Мы просто легли спать под одним одеялом, даже и тогда ничего не произошло. В полной темноте, надо было просто представить, как я делаю это с ней через аньку. В такую худенькую девушку, в такую худую попу. Как же это было заведомо неправильно и прекрасно. Но я был настолько расстроенным произошедшим, что докатится до того, что настоятельно попросил её никому об этом не говорить.
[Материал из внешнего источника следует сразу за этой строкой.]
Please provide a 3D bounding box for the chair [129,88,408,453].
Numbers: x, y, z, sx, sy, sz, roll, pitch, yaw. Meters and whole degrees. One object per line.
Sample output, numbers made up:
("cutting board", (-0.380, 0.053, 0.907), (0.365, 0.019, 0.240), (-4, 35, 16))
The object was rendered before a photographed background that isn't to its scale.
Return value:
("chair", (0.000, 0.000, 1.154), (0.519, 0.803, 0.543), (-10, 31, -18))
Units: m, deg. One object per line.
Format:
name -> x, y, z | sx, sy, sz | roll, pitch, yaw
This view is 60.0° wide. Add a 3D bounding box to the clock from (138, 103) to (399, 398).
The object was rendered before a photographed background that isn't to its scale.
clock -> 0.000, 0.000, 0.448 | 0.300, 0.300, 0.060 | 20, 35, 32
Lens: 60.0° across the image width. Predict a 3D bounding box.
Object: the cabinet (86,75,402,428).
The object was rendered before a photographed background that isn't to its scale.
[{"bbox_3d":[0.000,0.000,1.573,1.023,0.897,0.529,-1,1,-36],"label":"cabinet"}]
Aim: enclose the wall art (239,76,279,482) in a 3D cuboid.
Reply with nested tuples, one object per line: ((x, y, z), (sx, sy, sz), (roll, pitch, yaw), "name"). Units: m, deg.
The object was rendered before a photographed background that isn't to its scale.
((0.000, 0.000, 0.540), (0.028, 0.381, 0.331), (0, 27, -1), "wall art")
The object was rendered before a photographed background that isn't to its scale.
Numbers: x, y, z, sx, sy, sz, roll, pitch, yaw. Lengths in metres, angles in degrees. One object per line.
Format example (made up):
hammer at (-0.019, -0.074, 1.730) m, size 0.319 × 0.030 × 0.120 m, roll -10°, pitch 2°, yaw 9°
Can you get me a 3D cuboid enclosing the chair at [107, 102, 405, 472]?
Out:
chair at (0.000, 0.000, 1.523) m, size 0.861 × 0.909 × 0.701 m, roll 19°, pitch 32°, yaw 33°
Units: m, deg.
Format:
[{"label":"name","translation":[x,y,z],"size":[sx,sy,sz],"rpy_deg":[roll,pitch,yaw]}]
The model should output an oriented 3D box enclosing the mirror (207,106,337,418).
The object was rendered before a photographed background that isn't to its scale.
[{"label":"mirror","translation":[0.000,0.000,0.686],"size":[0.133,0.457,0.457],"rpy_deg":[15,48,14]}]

Она ответила, что вряд ли.
Тогда я был ещё не до конца уверен в своих половых приверженностях и поэтому вообразил, что я болен чем-то по части урологии. Карина уехала и я дал себе слово, что мы повторим и успешно после излечения. Я поехал в больницу к соответствующему доктору. Он сказал, что будет брать сок простаты и для этого обязательно придётся заталкивать руку мне в задницу. Я пришёл к соглашению, и он прописал ближайший день визита.
Вечером дома меня поджидал сюрприз. Ерёма, которого я считал архатом настучал Лидии Викторовне о моей ночной гостье. При всём моём уважении, эта старая карга открыто высказала мне в форме широкоформатного негатива всё, что у неё было в забитом уме по этому невиннейшему событию. Она была уже мертва и ей не хотелось, чтобы молодые наслаждались друг другом, праздновали, стонали. Если бы она каким-то чудом осталась незамеченной в квартитре, и если бы она услышала на что я был способен в тёплой компании с девушкой. Лидия Викторовна наверно бы бросила тело от приступа. Ей было завидно, её смертельно ядовитая чёрная жёлчь пузырилась: почему это была не я, ни мне, так и никому. Она устно предупредила своим старческим скрипящим голоском, чтобы это было первый и последний раз. Я промолчал в ответ, удалился к себе в комнату и там в холодном одиночестве наблюдал свой справедливый гнев. Этот глухонемой болван, великий праведник, мудрец в безмолвии оказался дырявой пройдохой. У меня с рождения было сердце Махавиры, а у него сердце оленя. Девчонки ему никогда не давали, а рога остались, вот он и боднул меня.